Proud to be a Midwife

Grumpy Midwife is proud to be a midwife. She’s proud of the whole second-oldest-profession-in-the-world thing. She loves the idea of being the latest in a long line stretching back to Biblical times; presiding over the primordial mess and raw emotion of an event that levels princesses and paupers, prisoners and pop stars.

Grumpy Midwife is even secretly rather proud of Call the Midwife; lynchpin of the community, respected by men, revered by women, keeper of secrets, defender of the weak, wise woman, witch. She likes the fact that when people ask what she does, she can simply say “midwife” with no need for explanation or elaboration. What other profession is thus so nicely defined?

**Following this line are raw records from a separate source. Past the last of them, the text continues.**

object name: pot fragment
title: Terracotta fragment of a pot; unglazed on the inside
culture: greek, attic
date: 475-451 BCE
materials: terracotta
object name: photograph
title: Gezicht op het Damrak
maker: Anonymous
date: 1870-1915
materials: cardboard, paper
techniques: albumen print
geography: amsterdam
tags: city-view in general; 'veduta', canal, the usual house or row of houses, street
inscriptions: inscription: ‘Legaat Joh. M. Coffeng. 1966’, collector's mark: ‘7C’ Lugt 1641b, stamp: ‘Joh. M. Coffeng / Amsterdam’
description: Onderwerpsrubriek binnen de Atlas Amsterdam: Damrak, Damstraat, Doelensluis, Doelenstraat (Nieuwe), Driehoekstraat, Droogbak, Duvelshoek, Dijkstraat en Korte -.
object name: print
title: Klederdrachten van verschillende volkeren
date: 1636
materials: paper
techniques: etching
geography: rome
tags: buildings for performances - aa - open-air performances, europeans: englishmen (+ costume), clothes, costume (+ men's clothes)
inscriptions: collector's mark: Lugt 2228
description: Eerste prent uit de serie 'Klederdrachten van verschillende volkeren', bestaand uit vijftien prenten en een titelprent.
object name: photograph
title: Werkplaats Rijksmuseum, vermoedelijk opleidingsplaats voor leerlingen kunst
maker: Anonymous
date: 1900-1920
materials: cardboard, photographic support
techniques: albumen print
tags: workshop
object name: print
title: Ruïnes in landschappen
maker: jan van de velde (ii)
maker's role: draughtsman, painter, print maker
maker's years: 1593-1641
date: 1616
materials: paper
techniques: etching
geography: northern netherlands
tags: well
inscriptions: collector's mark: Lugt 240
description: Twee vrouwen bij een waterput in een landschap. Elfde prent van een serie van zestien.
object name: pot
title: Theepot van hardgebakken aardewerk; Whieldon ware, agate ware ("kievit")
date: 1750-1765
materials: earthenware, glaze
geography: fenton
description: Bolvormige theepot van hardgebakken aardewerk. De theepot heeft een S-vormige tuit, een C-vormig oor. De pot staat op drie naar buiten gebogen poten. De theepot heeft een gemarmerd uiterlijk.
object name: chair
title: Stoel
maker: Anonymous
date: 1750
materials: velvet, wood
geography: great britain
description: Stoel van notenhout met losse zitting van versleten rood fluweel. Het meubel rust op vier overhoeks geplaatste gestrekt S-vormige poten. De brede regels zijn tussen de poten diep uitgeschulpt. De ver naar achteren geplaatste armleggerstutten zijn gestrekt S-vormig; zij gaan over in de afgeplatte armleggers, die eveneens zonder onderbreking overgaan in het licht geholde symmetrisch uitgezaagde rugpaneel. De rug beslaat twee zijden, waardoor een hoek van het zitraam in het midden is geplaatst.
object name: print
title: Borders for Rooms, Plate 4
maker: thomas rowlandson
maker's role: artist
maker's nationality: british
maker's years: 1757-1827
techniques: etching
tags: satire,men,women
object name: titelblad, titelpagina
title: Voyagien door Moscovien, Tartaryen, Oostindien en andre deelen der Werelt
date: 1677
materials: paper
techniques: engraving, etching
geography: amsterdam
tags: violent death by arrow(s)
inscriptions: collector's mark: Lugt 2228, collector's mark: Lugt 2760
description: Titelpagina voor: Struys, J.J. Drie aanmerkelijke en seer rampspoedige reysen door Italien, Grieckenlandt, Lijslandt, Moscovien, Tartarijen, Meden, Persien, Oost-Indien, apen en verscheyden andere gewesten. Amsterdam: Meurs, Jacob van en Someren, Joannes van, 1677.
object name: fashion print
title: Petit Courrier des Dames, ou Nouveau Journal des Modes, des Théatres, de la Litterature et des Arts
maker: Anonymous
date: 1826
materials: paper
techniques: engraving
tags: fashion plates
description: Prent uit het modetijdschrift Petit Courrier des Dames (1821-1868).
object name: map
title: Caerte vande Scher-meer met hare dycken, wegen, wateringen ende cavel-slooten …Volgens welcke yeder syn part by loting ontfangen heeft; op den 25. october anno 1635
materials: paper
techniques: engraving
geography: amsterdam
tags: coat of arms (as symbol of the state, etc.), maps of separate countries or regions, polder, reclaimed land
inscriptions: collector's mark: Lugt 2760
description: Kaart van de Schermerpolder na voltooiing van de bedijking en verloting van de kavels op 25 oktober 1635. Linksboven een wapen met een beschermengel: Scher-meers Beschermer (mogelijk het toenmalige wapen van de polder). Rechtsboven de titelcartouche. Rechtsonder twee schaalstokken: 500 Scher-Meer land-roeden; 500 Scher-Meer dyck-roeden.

If she had more time, there is a risk that Grumpy Midwife would find herself quite overcome by the sheer pathos of birth: her hands the first to touch this brand-new, blood-streaked little body; her words at this time remembered forever by the mother; her protection of this infant during the most dangerous moments of his life the first of step of his journey to nobility, Nobel prize, or notoriety. She still sheds a few discrete tears at every birth she witnesses, secure in the knowledge that these will be unnoticed in her general bustle and bossiness.

There have been times when this pride has been dented; by Grumpy Midwife’s own cynicism and discontent or by events or the opinions of others. But not for long – and never so much so that she has managed to walk away. And certainly not since she was recently reminded – by healthcare workers listening intently to her every word in a dusty, dilapidated classroom in a remote corner of Kenya – of the importance of midwifery skills, stripped of all romance and pretension, to millions of women across the world.

Partograms and Partographs

Grumpy Midwife’s break for freedom has taken a leap forward: she has joined the Liverpool School of Tropical Medicine (Maternal and Newborn Health Unit) slash RCOG project to deliver training in obstetric emergencies in developing countries. She’s got fond memories of West Africa in the mid 80s: the smell of baked earth and woodsmoke, drums in the night, big, starry skies, free love, lashings of Star beer. This time it’s only for 2-3 weeks a year. Which is probably just as well.
 
Her orientation session earlier this month included a session on teaching the use of the partogram or (more correctly in this context) the partograph. This session was memorable for two reasons. Firstly, the startling discovery that obstetricians are totally rubbish at filling in any kind of chart and second, the realisation that the modern partogram is an oedematous travesty of the original tool developed by the WHO. 
 
The bespoke partogram in the labour notes where Grumpy Midwife works is a busy A3 chart in tasteful shades of blue. The core section where she plots cervical dilatation and passage of the baby through the pelvis against time is squeezed between a complex maternal observations area and a bewildering grid of lines and boxes devoted to gathering information on maternal position, pain relief, epidurals, birth partners, birth balls and other comfort measures (water and music being the defaults). 
 
By contrast the original partograph, as used sporadically across the developing world, is a sparse document slashed through with two parallel lines: Alert and Action. The first assessment of cervical dilatation is plotted with a cross on the Alert line; progress thereafter should progress up this line at a rate of one centimetre per hour. Any deviation skews the graph towards the Action line four hours to the right which, once reached should – in theory and provided the roads aren’t flooded or mined and the husband agrees and there’s money for fuel – prompt carers to transfer the labouring woman to the nearest health post or hospital.  
 
One of the bright young things on GM’s orientation session asked why the partograph takes no account of NICE’s 2007 dictate that cervical dilatation of half a centimetre per hour is acceptable. The trainer patiently explained that in most parts of the world, obstetricians tend to be 50 miles away rather than slumped in the coffee room playing on their smartphones. 
 
Grumpy Midwife’s biggest fear is not ticking the right box; for most women in the world the fear is obstructed labour, ruptured uterus, sepsis, vesicovaginal fistula, and death.